Tlusty performed okay in raw and relative shot attempt differentials, but did even better in scoring chances. His dCorsi numbers suggest that he out performed his usage, likely due to his most common linemates being considered very heavy anchors.

Tlusty’s goals above replacement includes his minutes as a Hurricane, but suggests he had a very positive impact on his two teams’ goal differentials.

Final Thoughts

It is quite extraordinary how much ice time and usage can skew opinion. If you were to take a survey on how Jiri Tlusty performed, you probably would not get too many people thinking Tlusty did that well. Except he did.

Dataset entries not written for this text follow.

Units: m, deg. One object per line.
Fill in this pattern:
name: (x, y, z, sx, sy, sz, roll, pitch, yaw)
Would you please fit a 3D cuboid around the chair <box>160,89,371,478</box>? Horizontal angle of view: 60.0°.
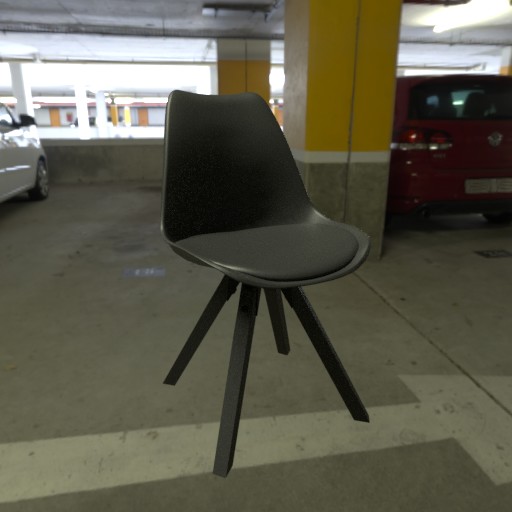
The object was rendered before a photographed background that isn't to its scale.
chair: (0.000, 0.000, 1.174, 0.485, 0.850, 0.550, -8, 19, -26)
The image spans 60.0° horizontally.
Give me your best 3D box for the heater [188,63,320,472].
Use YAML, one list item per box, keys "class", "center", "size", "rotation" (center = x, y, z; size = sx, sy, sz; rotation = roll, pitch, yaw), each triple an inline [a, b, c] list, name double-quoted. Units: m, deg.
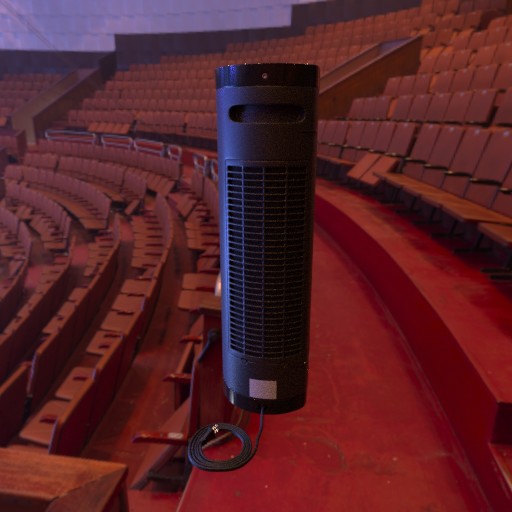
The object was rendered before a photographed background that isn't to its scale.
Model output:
- class: "heater"
  center: [0.000, 0.000, 0.688]
  size: [0.174, 0.552, 0.312]
  rotation: [3, 17, 8]
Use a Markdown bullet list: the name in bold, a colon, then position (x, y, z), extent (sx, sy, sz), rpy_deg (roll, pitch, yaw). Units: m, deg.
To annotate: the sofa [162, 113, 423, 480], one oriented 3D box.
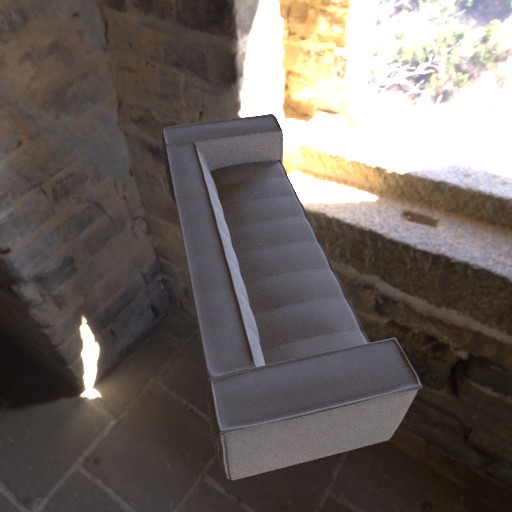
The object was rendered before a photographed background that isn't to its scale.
- **sofa**: position (0.000, 0.000, 3.125), extent (1.038, 0.680, 2.697), rpy_deg (-10, 47, -9)
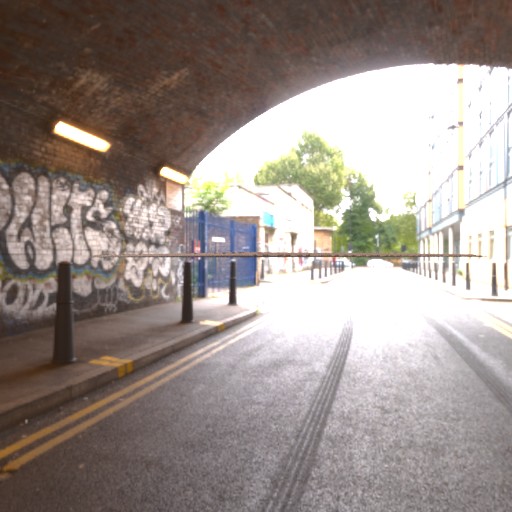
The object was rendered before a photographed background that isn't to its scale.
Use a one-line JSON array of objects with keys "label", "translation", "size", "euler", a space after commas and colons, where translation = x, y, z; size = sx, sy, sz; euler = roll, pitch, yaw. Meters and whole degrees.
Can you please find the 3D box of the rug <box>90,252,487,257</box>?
[{"label": "rug", "translation": [0.000, 0.000, 2.348], "size": [1.230, 0.014, 1.847], "euler": [0, 0, -35]}]
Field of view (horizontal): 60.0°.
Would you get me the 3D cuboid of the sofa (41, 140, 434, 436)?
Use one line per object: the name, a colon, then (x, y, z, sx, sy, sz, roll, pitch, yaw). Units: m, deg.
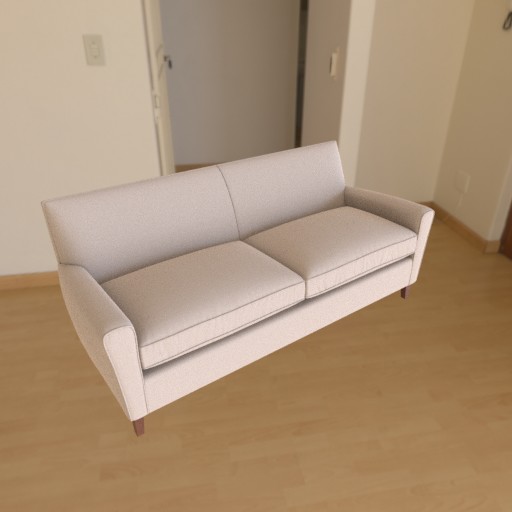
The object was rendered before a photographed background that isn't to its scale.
sofa: (0.000, 0.000, 2.478, 2.000, 0.846, 0.875, -19, 34, -31)
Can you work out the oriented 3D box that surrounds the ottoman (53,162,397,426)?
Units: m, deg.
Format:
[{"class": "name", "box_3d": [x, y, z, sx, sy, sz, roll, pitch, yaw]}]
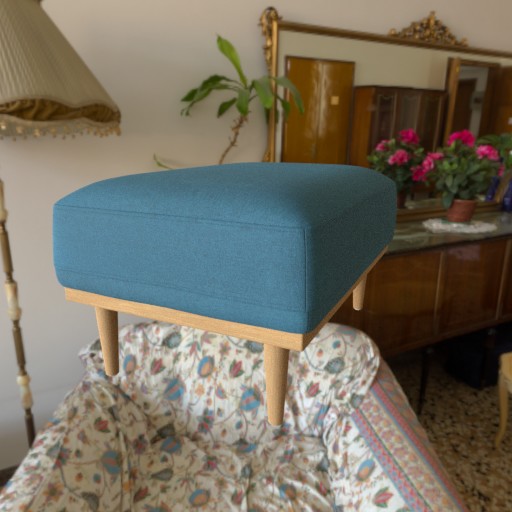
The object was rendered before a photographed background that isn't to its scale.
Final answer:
[{"class": "ottoman", "box_3d": [0.000, 0.000, 1.082, 0.549, 0.428, 0.749, 7, 17, 25]}]
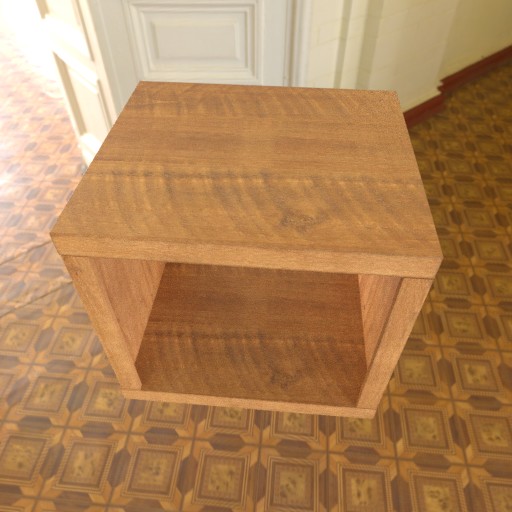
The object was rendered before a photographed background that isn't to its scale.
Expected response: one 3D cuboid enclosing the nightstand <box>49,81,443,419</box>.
[{"bbox_3d":[0.000,0.000,0.873,0.493,0.491,0.436,4,46,3],"label":"nightstand"}]
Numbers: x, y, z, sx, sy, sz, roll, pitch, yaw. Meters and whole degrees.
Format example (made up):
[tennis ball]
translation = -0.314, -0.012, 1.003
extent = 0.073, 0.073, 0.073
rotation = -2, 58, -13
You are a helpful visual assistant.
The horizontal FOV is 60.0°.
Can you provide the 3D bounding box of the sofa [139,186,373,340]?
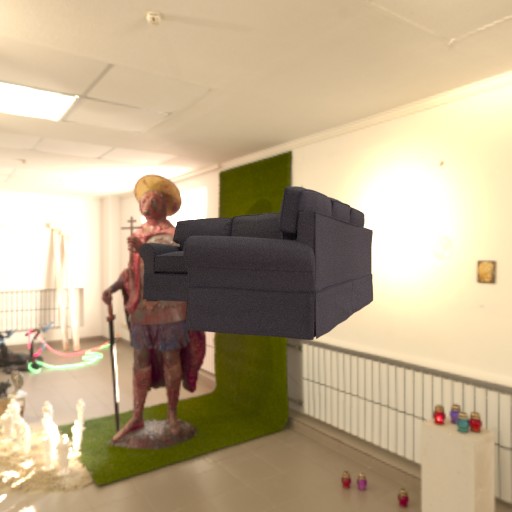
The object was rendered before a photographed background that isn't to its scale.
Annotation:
[sofa]
translation = 0.000, 0.000, 5.063
extent = 2.874, 1.169, 3.773
rotation = 0, 1, -36
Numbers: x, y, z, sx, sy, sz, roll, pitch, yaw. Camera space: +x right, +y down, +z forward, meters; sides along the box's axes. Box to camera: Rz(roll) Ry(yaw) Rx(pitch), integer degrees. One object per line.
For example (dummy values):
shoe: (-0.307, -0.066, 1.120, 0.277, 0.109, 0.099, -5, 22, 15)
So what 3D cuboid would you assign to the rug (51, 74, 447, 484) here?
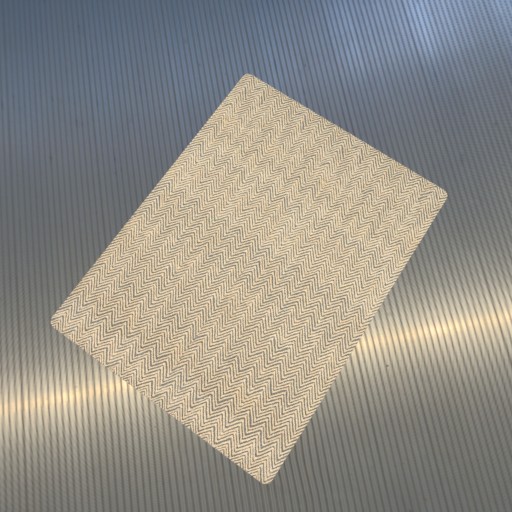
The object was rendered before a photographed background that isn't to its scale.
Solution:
rug: (0.000, 0.000, 4.219, 2.439, 0.014, 3.207, 34, 78, 8)
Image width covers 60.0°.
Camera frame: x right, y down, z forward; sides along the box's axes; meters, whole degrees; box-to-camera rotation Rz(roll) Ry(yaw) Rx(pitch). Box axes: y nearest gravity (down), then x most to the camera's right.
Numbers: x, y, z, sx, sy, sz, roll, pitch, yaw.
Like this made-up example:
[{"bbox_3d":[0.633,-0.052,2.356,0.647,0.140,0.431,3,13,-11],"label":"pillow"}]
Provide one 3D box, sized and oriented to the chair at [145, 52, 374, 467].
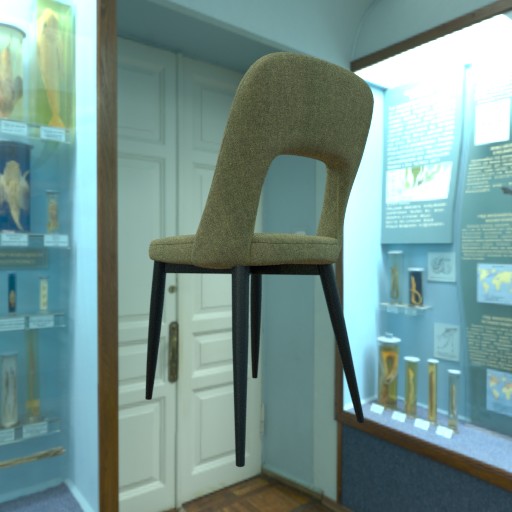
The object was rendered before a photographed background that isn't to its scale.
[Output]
[{"bbox_3d":[0.000,0.000,1.288,0.470,0.931,0.612,0,1,-36],"label":"chair"}]

Given Tlusty’s ice time, zone deployment, and linemates, one should not expect much in terms of points or shot differentials. Yet Tlusty scored like a bonafide second line player –even with an unsustainably low shooting percentage– and carried strong underlying numbers.

  • The Last Big Bear

    Garret one thing I looked at with Tlusty is that his numbers seemed to flip to the reverse when he went to Jets vs Canes. While I don’t think the lower shooting % and such is long term pain is it not worth the jets taking a hard look at how he is is used before looking to re-sign him?

  • t_bison

    In my mind Jiri Tlusty should be the second target to be resigned by the Jets this off season (the first being Stempniak – Frolik is most likely gone and Stafford was such a possession anchor that I doubt they will retain him unless it’s a serious drop in coin, and even then…)

    Tlusty as was said in the post is a solid second liner and he was playing with third & fourth line guys (and Jim Slater) and *STILL* had good metrics. Really, he’s Frolik-lite.